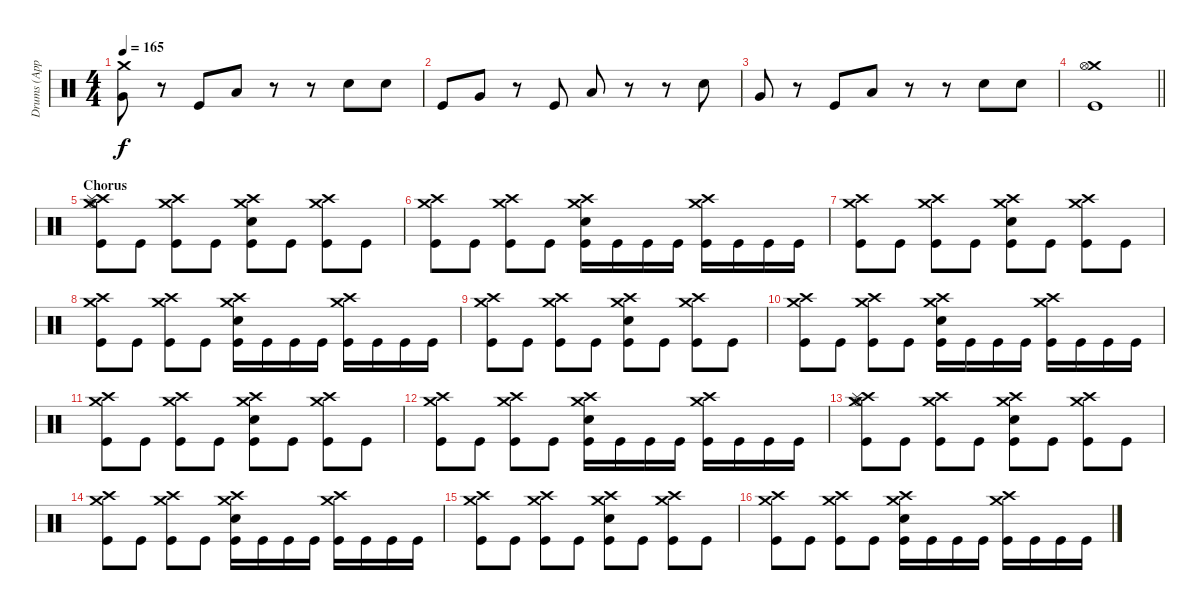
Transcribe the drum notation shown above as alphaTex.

\track ("Drums (Approx.)" "Drums (App") {instrument percussion}
\staff {score}
\articulation defaults
\ts (4 4)
\tempo 165
\clef neutral
\ks c
("Crash medium (hit)" "Very Low Tom (hit)").8{dy f} r.8 "Kick (hit)".8 "Low Floor Tom (hit)".8 r.8 r.8 "Electric Snare (hit)".8 "Electric Snare (hit)".8 |
"Kick (hit)".8 "Very Low Tom (hit)".8 r.8 "Kick (hit)".8 "Low Floor Tom (hit)".8 r.8 r.8 "Electric Snare (hit)".8 |
"Very Low Tom (hit)".8 r.8 "Kick (hit)".8 "Low Floor Tom (hit)".8 r.8 r.8 "Electric Snare (hit)".8 "Electric Snare (hit)".8 |
\barLineRight lightlight
("Crash medium (hit)" "Hi-Hat (open)" "Kick (hit)").1 |
\section ("" "Chorus")
("Hi-Hat (open)" "Crash medium (hit)" "Crash high (hit)" "Splash (hit)" "Kick (hit)").8 "Kick (hit)".8 ("Crash medium (hit)" "Crash high (hit)" "Kick (hit)").8 "Kick (hit)".8 ("Crash medium (hit)" "Crash high (hit)" "Electric Snare (hit)" "Kick (hit)").8 "Kick (hit)".8 ("Crash medium (hit)" "Crash high (hit)" "Kick (hit)").8 "Kick (hit)".8 |
("Crash medium (hit)" "Crash high (hit)" "Kick (hit)").8 "Kick (hit)".8 ("Crash medium (hit)" "Crash high (hit)" "Kick (hit)").8 "Kick (hit)".8 ("Crash medium (hit)" "Crash high (hit)" "Electric Snare (hit)" "Kick (hit)").16 "Kick (hit)".16 "Kick (hit)".16 "Kick (hit)".16 ("Crash medium (hit)" "Crash high (hit)" "Kick (hit)").16 "Kick (hit)".16 "Kick (hit)".16 "Kick (hit)".16 |
("Crash medium (hit)" "Crash high (hit)" "Kick (hit)").8 "Kick (hit)".8 ("Crash medium (hit)" "Crash high (hit)" "Kick (hit)").8 "Kick (hit)".8 ("Crash medium (hit)" "Crash high (hit)" "Electric Snare (hit)" "Kick (hit)").8 "Kick (hit)".8 ("Crash medium (hit)" "Crash high (hit)" "Kick (hit)").8 "Kick (hit)".8 |
("Crash medium (hit)" "Crash high (hit)" "Kick (hit)").8 "Kick (hit)".8 ("Crash medium (hit)" "Crash high (hit)" "Kick (hit)").8 "Kick (hit)".8 ("Crash medium (hit)" "Crash high (hit)" "Electric Snare (hit)" "Kick (hit)").16 "Kick (hit)".16 "Kick (hit)".16 "Kick (hit)".16 ("Crash medium (hit)" "Crash high (hit)" "Kick (hit)").16 "Kick (hit)".16 "Kick (hit)".16 "Kick (hit)".16 |
("Crash medium (hit)" "Crash high (hit)" "Kick (hit)").8 "Kick (hit)".8 ("Crash medium (hit)" "Crash high (hit)" "Kick (hit)").8 "Kick (hit)".8 ("Crash medium (hit)" "Crash high (hit)" "Electric Snare (hit)" "Kick (hit)").8 "Kick (hit)".8 ("Crash medium (hit)" "Crash high (hit)" "Kick (hit)").8 "Kick (hit)".8 |
("Crash medium (hit)" "Crash high (hit)" "Kick (hit)").8 "Kick (hit)".8 ("Crash medium (hit)" "Crash high (hit)" "Kick (hit)").8 "Kick (hit)".8 ("Crash medium (hit)" "Crash high (hit)" "Electric Snare (hit)" "Kick (hit)").16 "Kick (hit)".16 "Kick (hit)".16 "Kick (hit)".16 ("Crash medium (hit)" "Crash high (hit)" "Kick (hit)").16 "Kick (hit)".16 "Kick (hit)".16 "Kick (hit)".16 |
("Crash medium (hit)" "Crash high (hit)" "Kick (hit)").8 "Kick (hit)".8 ("Crash medium (hit)" "Crash high (hit)" "Kick (hit)").8 "Kick (hit)".8 ("Crash medium (hit)" "Crash high (hit)" "Electric Snare (hit)" "Kick (hit)").8 "Kick (hit)".8 ("Crash medium (hit)" "Crash high (hit)" "Kick (hit)").8 "Kick (hit)".8 |
("Crash medium (hit)" "Crash high (hit)" "Kick (hit)").8 "Kick (hit)".8 ("Crash medium (hit)" "Crash high (hit)" "Kick (hit)").8 "Kick (hit)".8 ("Crash medium (hit)" "Crash high (hit)" "Electric Snare (hit)" "Kick (hit)").16 "Kick (hit)".16 "Kick (hit)".16 "Kick (hit)".16 ("Crash medium (hit)" "Crash high (hit)" "Kick (hit)").16 "Kick (hit)".16 "Kick (hit)".16 "Kick (hit)".16 |
("Hi-Hat (open)" "Crash medium (hit)" "Crash high (hit)" "Splash (hit)" "Kick (hit)").8 "Kick (hit)".8 ("Crash medium (hit)" "Crash high (hit)" "Kick (hit)").8 "Kick (hit)".8 ("Crash medium (hit)" "Crash high (hit)" "Electric Snare (hit)" "Kick (hit)").8 "Kick (hit)".8 ("Crash medium (hit)" "Crash high (hit)" "Kick (hit)").8 "Kick (hit)".8 |
("Crash medium (hit)" "Crash high (hit)" "Kick (hit)").8 "Kick (hit)".8 ("Crash medium (hit)" "Crash high (hit)" "Kick (hit)").8 "Kick (hit)".8 ("Crash medium (hit)" "Crash high (hit)" "Electric Snare (hit)" "Kick (hit)").16 "Kick (hit)".16 "Kick (hit)".16 "Kick (hit)".16 ("Crash medium (hit)" "Crash high (hit)" "Kick (hit)").16 "Kick (hit)".16 "Kick (hit)".16 "Kick (hit)".16 |
("Crash medium (hit)" "Crash high (hit)" "Kick (hit)").8 "Kick (hit)".8 ("Crash medium (hit)" "Crash high (hit)" "Kick (hit)").8 "Kick (hit)".8 ("Crash medium (hit)" "Crash high (hit)" "Electric Snare (hit)" "Kick (hit)").8 "Kick (hit)".8 ("Crash medium (hit)" "Crash high (hit)" "Kick (hit)").8 "Kick (hit)".8 |
("Crash medium (hit)" "Crash high (hit)" "Kick (hit)").8 "Kick (hit)".8 ("Crash medium (hit)" "Crash high (hit)" "Kick (hit)").8 "Kick (hit)".8 ("Crash medium (hit)" "Crash high (hit)" "Electric Snare (hit)" "Kick (hit)").16 "Kick (hit)".16 "Kick (hit)".16 "Kick (hit)".16 ("Crash medium (hit)" "Crash high (hit)" "Kick (hit)").16 "Kick (hit)".16 "Kick (hit)".16 "Kick (hit)".16
• • • • •
Exclude the pictures and print the rest of the data exactly.

Transcribe the drum notation shown above as alphaTex.

\track ("Drums (Approx.)" "Drums (App") {instrument percussion}
\staff {score}
\articulation defaults
\ts (4 4)
\tempo 165
\clef neutral
\ks c
("Crash medium (hit)" "Very Low Tom (hit)").8{dy f} r.8 "Kick (hit)".8 "Low Floor Tom (hit)".8 r.8 r.8 "Electric Snare (hit)".8 "Electric Snare (hit)".8 |
"Kick (hit)".8 "Very Low Tom (hit)".8 r.8 "Kick (hit)".8 "Low Floor Tom (hit)".8 r.8 r.8 "Electric Snare (hit)".8 |
"Very Low Tom (hit)".8 r.8 "Kick (hit)".8 "Low Floor Tom (hit)".8 r.8 r.8 "Electric Snare (hit)".8 "Electric Snare (hit)".8 |
\barLineRight lightlight
("Crash medium (hit)" "Hi-Hat (open)" "Kick (hit)").1 |
\section ("" "Chorus")
("Hi-Hat (open)" "Crash medium (hit)" "Crash high (hit)" "Splash (hit)" "Kick (hit)").8 "Kick (hit)".8 ("Crash medium (hit)" "Crash high (hit)" "Kick (hit)").8 "Kick (hit)".8 ("Crash medium (hit)" "Crash high (hit)" "Electric Snare (hit)" "Kick (hit)").8 "Kick (hit)".8 ("Crash medium (hit)" "Crash high (hit)" "Kick (hit)").8 "Kick (hit)".8 |
("Crash medium (hit)" "Crash high (hit)" "Kick (hit)").8 "Kick (hit)".8 ("Crash medium (hit)" "Crash high (hit)" "Kick (hit)").8 "Kick (hit)".8 ("Crash medium (hit)" "Crash high (hit)" "Electric Snare (hit)" "Kick (hit)").16 "Kick (hit)".16 "Kick (hit)".16 "Kick (hit)".16 ("Crash medium (hit)" "Crash high (hit)" "Kick (hit)").16 "Kick (hit)".16 "Kick (hit)".16 "Kick (hit)".16 |
("Crash medium (hit)" "Crash high (hit)" "Kick (hit)").8 "Kick (hit)".8 ("Crash medium (hit)" "Crash high (hit)" "Kick (hit)").8 "Kick (hit)".8 ("Crash medium (hit)" "Crash high (hit)" "Electric Snare (hit)" "Kick (hit)").8 "Kick (hit)".8 ("Crash medium (hit)" "Crash high (hit)" "Kick (hit)").8 "Kick (hit)".8 |
("Crash medium (hit)" "Crash high (hit)" "Kick (hit)").8 "Kick (hit)".8 ("Crash medium (hit)" "Crash high (hit)" "Kick (hit)").8 "Kick (hit)".8 ("Crash medium (hit)" "Crash high (hit)" "Electric Snare (hit)" "Kick (hit)").16 "Kick (hit)".16 "Kick (hit)".16 "Kick (hit)".16 ("Crash medium (hit)" "Crash high (hit)" "Kick (hit)").16 "Kick (hit)".16 "Kick (hit)".16 "Kick (hit)".16 |
("Crash medium (hit)" "Crash high (hit)" "Kick (hit)").8 "Kick (hit)".8 ("Crash medium (hit)" "Crash high (hit)" "Kick (hit)").8 "Kick (hit)".8 ("Crash medium (hit)" "Crash high (hit)" "Electric Snare (hit)" "Kick (hit)").8 "Kick (hit)".8 ("Crash medium (hit)" "Crash high (hit)" "Kick (hit)").8 "Kick (hit)".8 |
("Crash medium (hit)" "Crash high (hit)" "Kick (hit)").8 "Kick (hit)".8 ("Crash medium (hit)" "Crash high (hit)" "Kick (hit)").8 "Kick (hit)".8 ("Crash medium (hit)" "Crash high (hit)" "Electric Snare (hit)" "Kick (hit)").16 "Kick (hit)".16 "Kick (hit)".16 "Kick (hit)".16 ("Crash medium (hit)" "Crash high (hit)" "Kick (hit)").16 "Kick (hit)".16 "Kick (hit)".16 "Kick (hit)".16 |
("Crash medium (hit)" "Crash high (hit)" "Kick (hit)").8 "Kick (hit)".8 ("Crash medium (hit)" "Crash high (hit)" "Kick (hit)").8 "Kick (hit)".8 ("Crash medium (hit)" "Crash high (hit)" "Electric Snare (hit)" "Kick (hit)").8 "Kick (hit)".8 ("Crash medium (hit)" "Crash high (hit)" "Kick (hit)").8 "Kick (hit)".8 |
("Crash medium (hit)" "Crash high (hit)" "Kick (hit)").8 "Kick (hit)".8 ("Crash medium (hit)" "Crash high (hit)" "Kick (hit)").8 "Kick (hit)".8 ("Crash medium (hit)" "Crash high (hit)" "Electric Snare (hit)" "Kick (hit)").16 "Kick (hit)".16 "Kick (hit)".16 "Kick (hit)".16 ("Crash medium (hit)" "Crash high (hit)" "Kick (hit)").16 "Kick (hit)".16 "Kick (hit)".16 "Kick (hit)".16 |
("Hi-Hat (open)" "Crash medium (hit)" "Crash high (hit)" "Splash (hit)" "Kick (hit)").8 "Kick (hit)".8 ("Crash medium (hit)" "Crash high (hit)" "Kick (hit)").8 "Kick (hit)".8 ("Crash medium (hit)" "Crash high (hit)" "Electric Snare (hit)" "Kick (hit)").8 "Kick (hit)".8 ("Crash medium (hit)" "Crash high (hit)" "Kick (hit)").8 "Kick (hit)".8 |
("Crash medium (hit)" "Crash high (hit)" "Kick (hit)").8 "Kick (hit)".8 ("Crash medium (hit)" "Crash high (hit)" "Kick (hit)").8 "Kick (hit)".8 ("Crash medium (hit)" "Crash high (hit)" "Electric Snare (hit)" "Kick (hit)").16 "Kick (hit)".16 "Kick (hit)".16 "Kick (hit)".16 ("Crash medium (hit)" "Crash high (hit)" "Kick (hit)").16 "Kick (hit)".16 "Kick (hit)".16 "Kick (hit)".16 |
("Crash medium (hit)" "Crash high (hit)" "Kick (hit)").8 "Kick (hit)".8 ("Crash medium (hit)" "Crash high (hit)" "Kick (hit)").8 "Kick (hit)".8 ("Crash medium (hit)" "Crash high (hit)" "Electric Snare (hit)" "Kick (hit)").8 "Kick (hit)".8 ("Crash medium (hit)" "Crash high (hit)" "Kick (hit)").8 "Kick (hit)".8 |
("Crash medium (hit)" "Crash high (hit)" "Kick (hit)").8 "Kick (hit)".8 ("Crash medium (hit)" "Crash high (hit)" "Kick (hit)").8 "Kick (hit)".8 ("Crash medium (hit)" "Crash high (hit)" "Electric Snare (hit)" "Kick (hit)").16 "Kick (hit)".16 "Kick (hit)".16 "Kick (hit)".16 ("Crash medium (hit)" "Crash high (hit)" "Kick (hit)").16 "Kick (hit)".16 "Kick (hit)".16 "Kick (hit)".16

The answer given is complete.